Una manera, especialmente evidente en campaña, de explicar esta desconexión es la creciente percepción de los costes que supondrá para la población esta transición en el corto plazo, mientras que los beneficios solo serán visibles en el largo. Si bien hay un amplio consenso sobre la necesidad de actuar contra el cambio climático, este apoyo disminuye hasta volverse minoritario cuando se trata de medidas concretas para abordarlo con impacto económico directo en los individuos y las empresas, como los impuestos o las prohibiciones.

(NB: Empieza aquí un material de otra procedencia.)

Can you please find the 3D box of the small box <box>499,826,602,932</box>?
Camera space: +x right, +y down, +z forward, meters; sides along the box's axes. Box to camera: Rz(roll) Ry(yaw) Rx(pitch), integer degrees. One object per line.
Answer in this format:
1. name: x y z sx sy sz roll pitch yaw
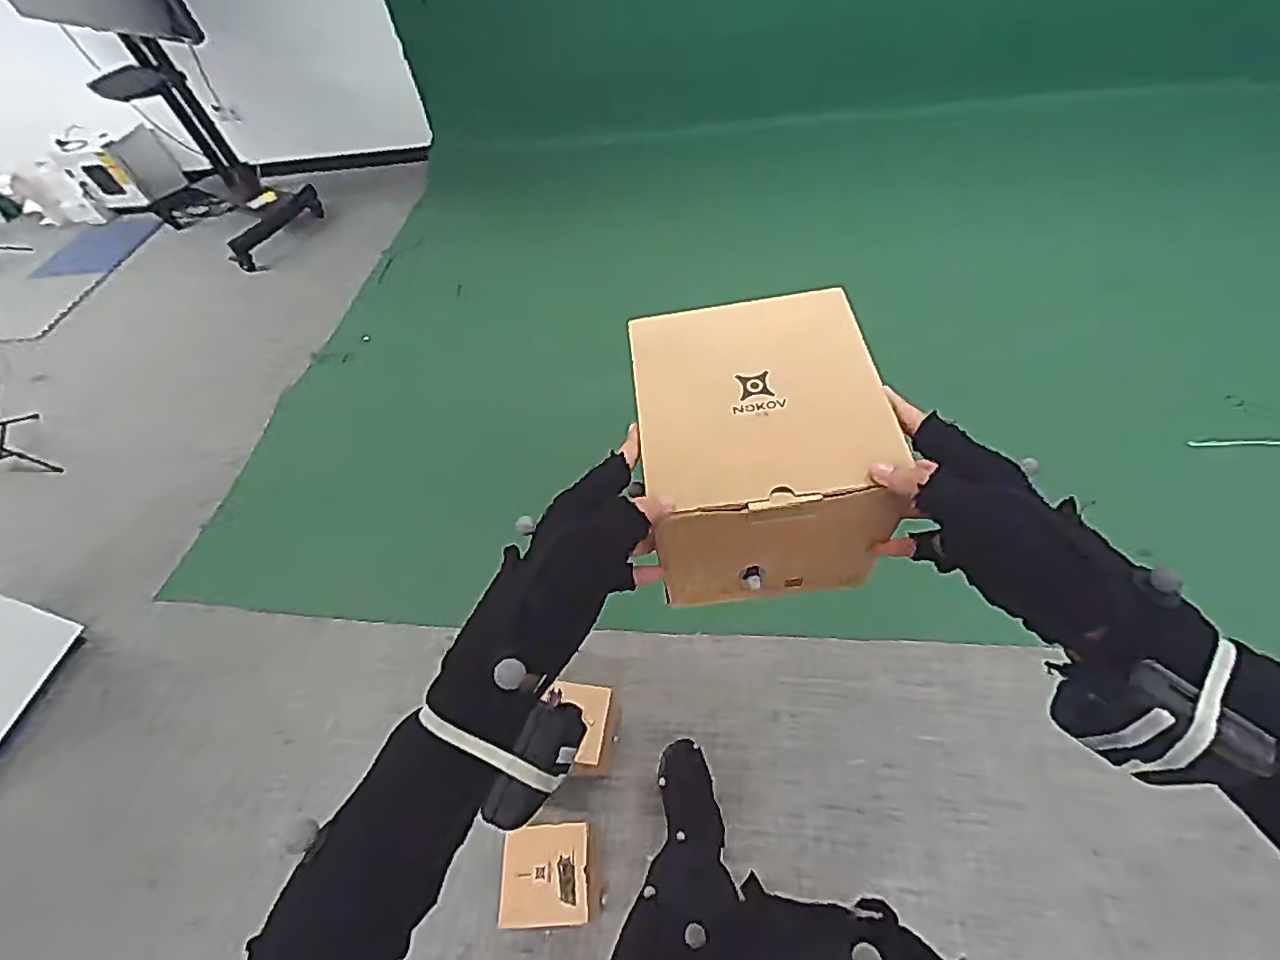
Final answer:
1. small box: -0.175 0.826 1.126 0.179 0.176 0.168 -7 53 4

Y es que, aunque todos vamos a pagar los costes de la transición, algunos grupos de población están especialmente expuestos y, dado que dichas políticas ya están en el top de la agenda política, esto se vuelve más evidente. En el caso de los impuestos, que incrementarán el precio de la energía, el impacto será mayor en los hogares vulnerables y los residentes en áreas rurales. En estas zonas, la necesidad de viajar distancias más largas, la escasez de opciones de transporte público y un clima continental más frío amplifican dicho impacto.
Para los hogares más vulnerables, este se multiplica ya que destinan una mayor proporción de sus ingresos a suministros energéticos básicos. A esto hay que añadir que alternativas como la adquisición de un coche eléctrico o la rehabilitación de la vivienda para hacerla más eficiente, son inalcanzables para ellos al no contar con recursos suficientes para el desembolso inicial.
Por tanto, es crucial establecer políticas que permitan aliviar la carga que supone la transición en el presupuesto de las familias sin distorsionar la señal de precios, clave para conservar los incentivos económicos para reducir las emisiones de carbono. Una posible vía para lograrlo, que cabría en la próxima legislatura, es establecer un sistema de transferencias libres de impuestos en la declaración de la renta tal y como ha hecho Canadá con el Climate Action Incentive Payment. Bajo este esquema las familias reciben un pago para compensar el coste de los impuestos nacionales sobre el carbono y la contaminación cuya cuantía depende de la situación personal (estado civil, número de hijos) y de la provincia en la que se reside (las personas que viven en zonas rurales reciben un 10% más). No obstante, el pago es independiente del nivel de renta, lo que significa que los hogares con menor consumo energético, generalmente los de menores ingresos, se beneficiarán más de la medida que aquellos con mayor consumo.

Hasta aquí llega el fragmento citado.